- Opening Delimiter -
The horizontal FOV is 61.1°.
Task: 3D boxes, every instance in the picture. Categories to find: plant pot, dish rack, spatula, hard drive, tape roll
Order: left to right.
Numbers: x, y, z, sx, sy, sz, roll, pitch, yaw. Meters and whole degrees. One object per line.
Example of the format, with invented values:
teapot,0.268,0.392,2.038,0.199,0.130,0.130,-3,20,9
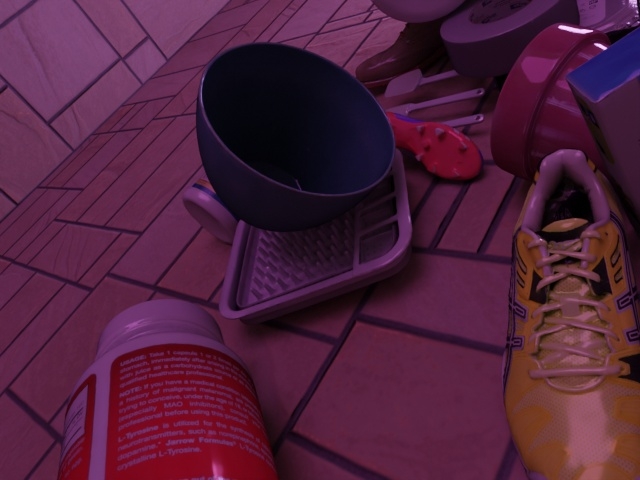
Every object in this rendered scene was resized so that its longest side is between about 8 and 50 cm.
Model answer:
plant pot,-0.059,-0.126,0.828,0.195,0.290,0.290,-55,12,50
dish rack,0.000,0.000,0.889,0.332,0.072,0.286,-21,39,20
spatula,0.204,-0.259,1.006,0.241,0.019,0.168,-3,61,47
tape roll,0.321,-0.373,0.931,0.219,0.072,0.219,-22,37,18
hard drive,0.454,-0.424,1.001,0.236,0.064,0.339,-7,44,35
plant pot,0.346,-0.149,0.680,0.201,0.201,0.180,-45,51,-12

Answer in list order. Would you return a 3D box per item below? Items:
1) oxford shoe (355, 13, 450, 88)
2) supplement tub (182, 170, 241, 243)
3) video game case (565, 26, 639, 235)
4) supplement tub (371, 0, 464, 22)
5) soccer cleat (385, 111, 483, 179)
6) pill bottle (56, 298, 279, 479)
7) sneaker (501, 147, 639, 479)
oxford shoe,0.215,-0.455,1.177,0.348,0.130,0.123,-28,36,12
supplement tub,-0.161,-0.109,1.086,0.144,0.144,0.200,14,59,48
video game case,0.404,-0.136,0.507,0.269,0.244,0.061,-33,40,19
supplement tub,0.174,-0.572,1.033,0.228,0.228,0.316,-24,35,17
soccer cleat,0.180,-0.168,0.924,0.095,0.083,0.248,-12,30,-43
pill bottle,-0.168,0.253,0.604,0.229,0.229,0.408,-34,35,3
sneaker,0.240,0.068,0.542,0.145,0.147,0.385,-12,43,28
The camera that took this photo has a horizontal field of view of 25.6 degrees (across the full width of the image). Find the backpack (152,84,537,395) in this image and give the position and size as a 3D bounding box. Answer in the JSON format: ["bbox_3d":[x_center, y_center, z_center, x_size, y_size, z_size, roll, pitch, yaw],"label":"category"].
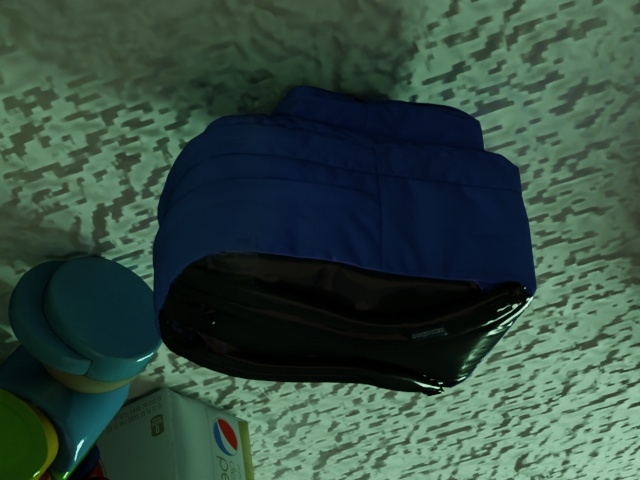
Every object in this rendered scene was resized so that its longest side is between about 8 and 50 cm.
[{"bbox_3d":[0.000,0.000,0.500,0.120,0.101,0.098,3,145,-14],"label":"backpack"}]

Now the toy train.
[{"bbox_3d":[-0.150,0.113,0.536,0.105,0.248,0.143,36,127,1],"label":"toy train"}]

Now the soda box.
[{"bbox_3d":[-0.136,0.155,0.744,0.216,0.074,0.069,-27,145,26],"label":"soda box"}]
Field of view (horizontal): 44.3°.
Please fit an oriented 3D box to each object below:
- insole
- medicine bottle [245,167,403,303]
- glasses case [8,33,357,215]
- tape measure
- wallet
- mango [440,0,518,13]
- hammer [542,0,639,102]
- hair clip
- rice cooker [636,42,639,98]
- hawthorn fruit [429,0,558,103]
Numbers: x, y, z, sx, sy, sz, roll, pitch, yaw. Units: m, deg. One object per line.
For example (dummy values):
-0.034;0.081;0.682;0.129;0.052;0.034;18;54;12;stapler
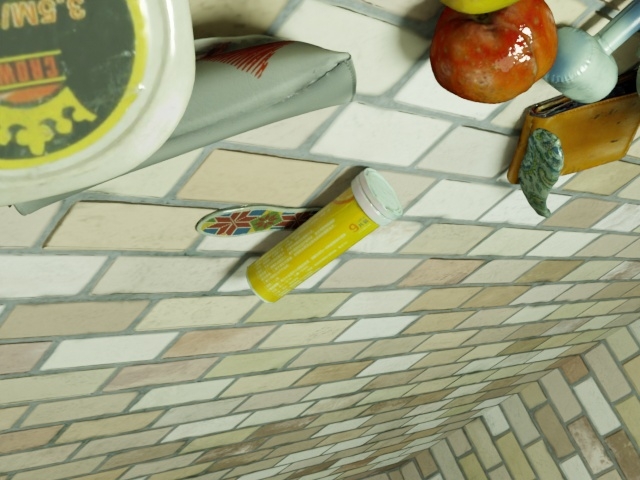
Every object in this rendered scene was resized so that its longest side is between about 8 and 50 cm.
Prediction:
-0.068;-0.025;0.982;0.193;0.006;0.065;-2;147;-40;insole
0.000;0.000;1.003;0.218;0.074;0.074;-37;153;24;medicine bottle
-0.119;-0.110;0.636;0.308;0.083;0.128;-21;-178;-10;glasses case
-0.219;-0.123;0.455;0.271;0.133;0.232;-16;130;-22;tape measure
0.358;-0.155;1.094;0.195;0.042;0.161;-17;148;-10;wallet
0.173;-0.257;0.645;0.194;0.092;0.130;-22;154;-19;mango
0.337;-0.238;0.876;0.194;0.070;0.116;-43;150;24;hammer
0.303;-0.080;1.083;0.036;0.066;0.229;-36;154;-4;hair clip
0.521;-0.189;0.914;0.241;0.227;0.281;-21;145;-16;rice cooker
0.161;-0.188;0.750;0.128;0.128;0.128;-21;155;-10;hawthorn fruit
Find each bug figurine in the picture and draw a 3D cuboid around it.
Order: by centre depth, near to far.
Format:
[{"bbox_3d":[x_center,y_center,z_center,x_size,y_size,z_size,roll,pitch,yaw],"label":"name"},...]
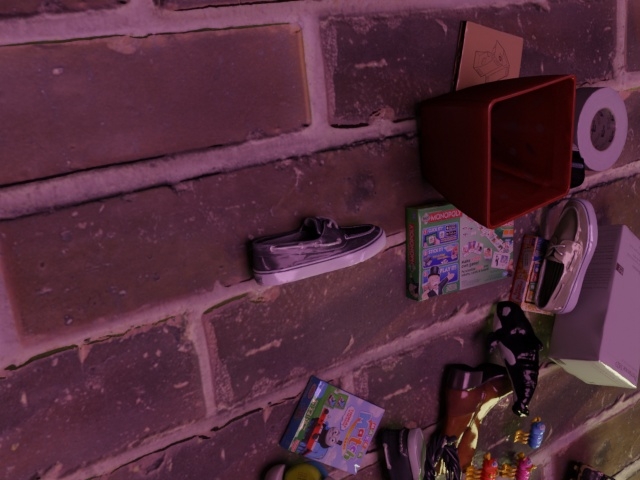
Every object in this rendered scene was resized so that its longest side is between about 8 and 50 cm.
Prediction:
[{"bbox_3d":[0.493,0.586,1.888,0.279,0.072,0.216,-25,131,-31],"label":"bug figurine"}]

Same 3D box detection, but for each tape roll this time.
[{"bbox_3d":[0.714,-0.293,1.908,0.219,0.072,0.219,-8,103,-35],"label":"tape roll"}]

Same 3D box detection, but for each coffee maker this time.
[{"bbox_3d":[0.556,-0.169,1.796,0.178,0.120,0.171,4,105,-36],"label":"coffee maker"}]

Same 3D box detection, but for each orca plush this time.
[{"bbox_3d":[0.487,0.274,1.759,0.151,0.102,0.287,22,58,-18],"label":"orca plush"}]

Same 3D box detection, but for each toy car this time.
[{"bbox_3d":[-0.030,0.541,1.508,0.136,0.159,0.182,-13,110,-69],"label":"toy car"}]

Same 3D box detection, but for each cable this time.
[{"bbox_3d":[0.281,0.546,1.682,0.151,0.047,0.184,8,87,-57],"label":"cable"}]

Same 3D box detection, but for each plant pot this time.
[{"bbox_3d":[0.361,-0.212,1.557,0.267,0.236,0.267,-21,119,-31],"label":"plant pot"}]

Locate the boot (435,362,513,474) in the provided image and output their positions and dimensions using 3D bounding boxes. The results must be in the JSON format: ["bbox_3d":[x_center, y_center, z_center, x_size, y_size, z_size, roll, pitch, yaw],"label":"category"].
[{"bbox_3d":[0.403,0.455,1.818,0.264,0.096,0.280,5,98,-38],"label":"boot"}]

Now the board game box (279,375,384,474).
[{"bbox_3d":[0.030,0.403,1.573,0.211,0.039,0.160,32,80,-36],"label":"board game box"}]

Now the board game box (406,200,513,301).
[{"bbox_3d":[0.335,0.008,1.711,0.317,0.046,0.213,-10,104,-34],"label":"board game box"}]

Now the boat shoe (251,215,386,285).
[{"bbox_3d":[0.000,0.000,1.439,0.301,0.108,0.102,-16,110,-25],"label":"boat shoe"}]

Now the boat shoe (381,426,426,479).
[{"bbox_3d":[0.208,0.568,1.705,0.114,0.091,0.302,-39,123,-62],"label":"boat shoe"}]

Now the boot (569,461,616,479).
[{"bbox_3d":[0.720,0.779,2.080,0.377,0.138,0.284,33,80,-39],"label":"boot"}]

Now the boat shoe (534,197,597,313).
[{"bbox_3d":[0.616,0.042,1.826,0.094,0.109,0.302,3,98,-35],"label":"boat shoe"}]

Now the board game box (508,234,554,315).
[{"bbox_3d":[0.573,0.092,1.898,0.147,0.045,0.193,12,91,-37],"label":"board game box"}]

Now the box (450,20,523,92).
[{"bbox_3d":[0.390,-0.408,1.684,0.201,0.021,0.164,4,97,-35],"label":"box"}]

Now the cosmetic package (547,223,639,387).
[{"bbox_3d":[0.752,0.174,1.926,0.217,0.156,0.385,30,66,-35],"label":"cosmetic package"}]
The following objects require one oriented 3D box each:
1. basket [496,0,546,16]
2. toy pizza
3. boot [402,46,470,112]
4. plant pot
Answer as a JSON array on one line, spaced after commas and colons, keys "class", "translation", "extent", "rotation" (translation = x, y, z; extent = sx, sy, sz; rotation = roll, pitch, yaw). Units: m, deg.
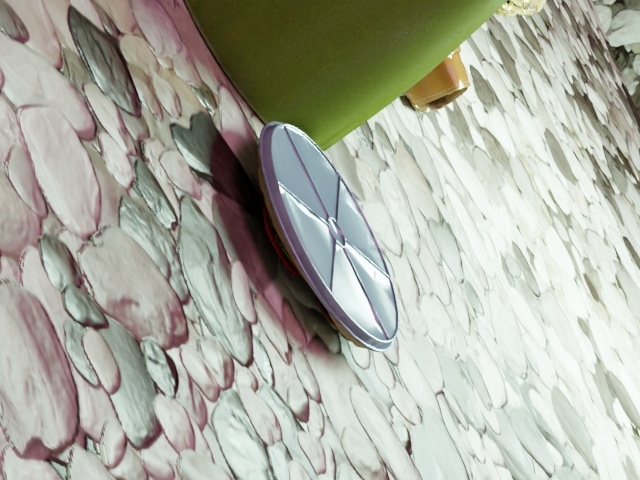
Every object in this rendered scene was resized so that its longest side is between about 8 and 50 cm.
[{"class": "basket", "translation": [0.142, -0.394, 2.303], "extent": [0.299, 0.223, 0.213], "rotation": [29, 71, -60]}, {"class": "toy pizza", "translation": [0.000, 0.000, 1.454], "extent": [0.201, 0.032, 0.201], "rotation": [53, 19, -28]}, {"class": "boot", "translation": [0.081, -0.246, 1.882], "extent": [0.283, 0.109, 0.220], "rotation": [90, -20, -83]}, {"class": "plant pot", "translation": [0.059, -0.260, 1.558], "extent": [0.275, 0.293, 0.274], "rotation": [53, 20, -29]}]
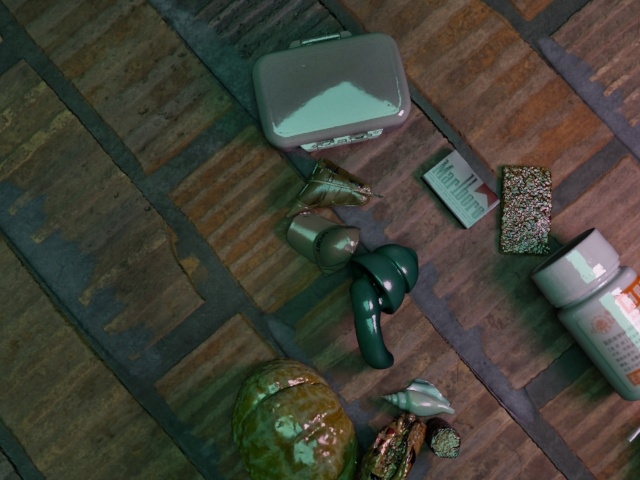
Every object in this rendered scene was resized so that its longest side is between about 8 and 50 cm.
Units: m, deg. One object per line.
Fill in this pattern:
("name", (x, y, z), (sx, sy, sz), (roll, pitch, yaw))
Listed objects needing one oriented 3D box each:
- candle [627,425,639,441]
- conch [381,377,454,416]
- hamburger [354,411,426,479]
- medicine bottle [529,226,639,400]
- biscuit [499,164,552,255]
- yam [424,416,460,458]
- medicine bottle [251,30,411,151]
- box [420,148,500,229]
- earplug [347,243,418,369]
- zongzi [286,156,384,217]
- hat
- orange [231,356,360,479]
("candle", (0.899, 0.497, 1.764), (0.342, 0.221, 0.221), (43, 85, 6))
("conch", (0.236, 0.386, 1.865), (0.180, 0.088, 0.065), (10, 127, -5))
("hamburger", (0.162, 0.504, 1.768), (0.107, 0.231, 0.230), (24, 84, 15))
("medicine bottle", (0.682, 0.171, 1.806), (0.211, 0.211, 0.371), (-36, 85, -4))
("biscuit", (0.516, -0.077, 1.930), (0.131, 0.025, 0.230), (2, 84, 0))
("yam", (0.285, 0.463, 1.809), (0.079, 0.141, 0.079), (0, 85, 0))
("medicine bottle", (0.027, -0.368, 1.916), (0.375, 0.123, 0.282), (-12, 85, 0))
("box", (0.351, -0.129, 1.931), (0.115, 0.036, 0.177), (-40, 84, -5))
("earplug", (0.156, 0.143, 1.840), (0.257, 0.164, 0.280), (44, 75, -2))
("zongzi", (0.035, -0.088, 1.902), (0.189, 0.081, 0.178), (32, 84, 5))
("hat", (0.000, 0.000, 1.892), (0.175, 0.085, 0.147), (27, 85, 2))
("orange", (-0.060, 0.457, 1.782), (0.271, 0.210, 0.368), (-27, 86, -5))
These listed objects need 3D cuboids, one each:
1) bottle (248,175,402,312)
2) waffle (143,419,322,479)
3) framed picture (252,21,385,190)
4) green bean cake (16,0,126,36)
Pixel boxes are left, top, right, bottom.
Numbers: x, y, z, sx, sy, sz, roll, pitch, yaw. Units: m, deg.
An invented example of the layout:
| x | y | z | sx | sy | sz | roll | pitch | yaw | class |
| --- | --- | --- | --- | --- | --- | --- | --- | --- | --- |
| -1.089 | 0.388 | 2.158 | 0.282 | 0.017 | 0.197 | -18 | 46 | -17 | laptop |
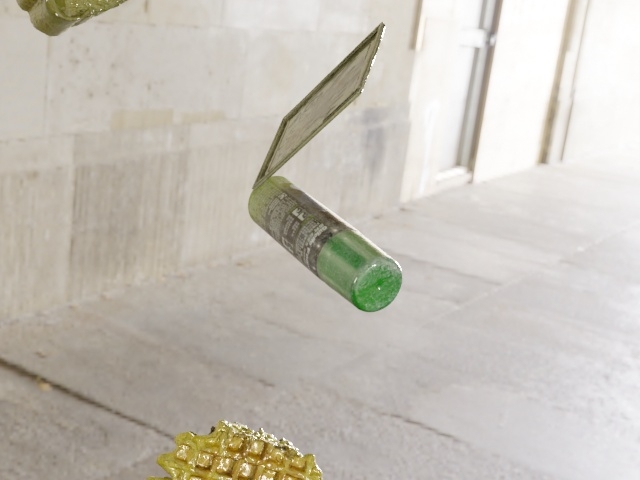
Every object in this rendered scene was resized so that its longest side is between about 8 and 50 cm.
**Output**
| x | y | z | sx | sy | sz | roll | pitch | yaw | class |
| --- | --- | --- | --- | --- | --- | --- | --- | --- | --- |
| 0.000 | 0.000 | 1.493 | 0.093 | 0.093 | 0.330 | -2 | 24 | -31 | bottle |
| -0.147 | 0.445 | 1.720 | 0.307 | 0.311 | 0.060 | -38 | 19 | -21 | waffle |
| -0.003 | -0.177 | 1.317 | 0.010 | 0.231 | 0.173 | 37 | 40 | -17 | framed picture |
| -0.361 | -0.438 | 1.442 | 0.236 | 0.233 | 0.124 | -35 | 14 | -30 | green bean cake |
- Closing Delimiter -
Precisely the lines between those holding "3) video game case (565, 26, 639, 235)" and "6) pill bottle (56, 298, 279, 479)", inclusive, are to be reproduced from the listing above, with nothing added.

3) video game case (565, 26, 639, 235)
4) supplement tub (371, 0, 464, 22)
5) soccer cleat (385, 111, 483, 179)
6) pill bottle (56, 298, 279, 479)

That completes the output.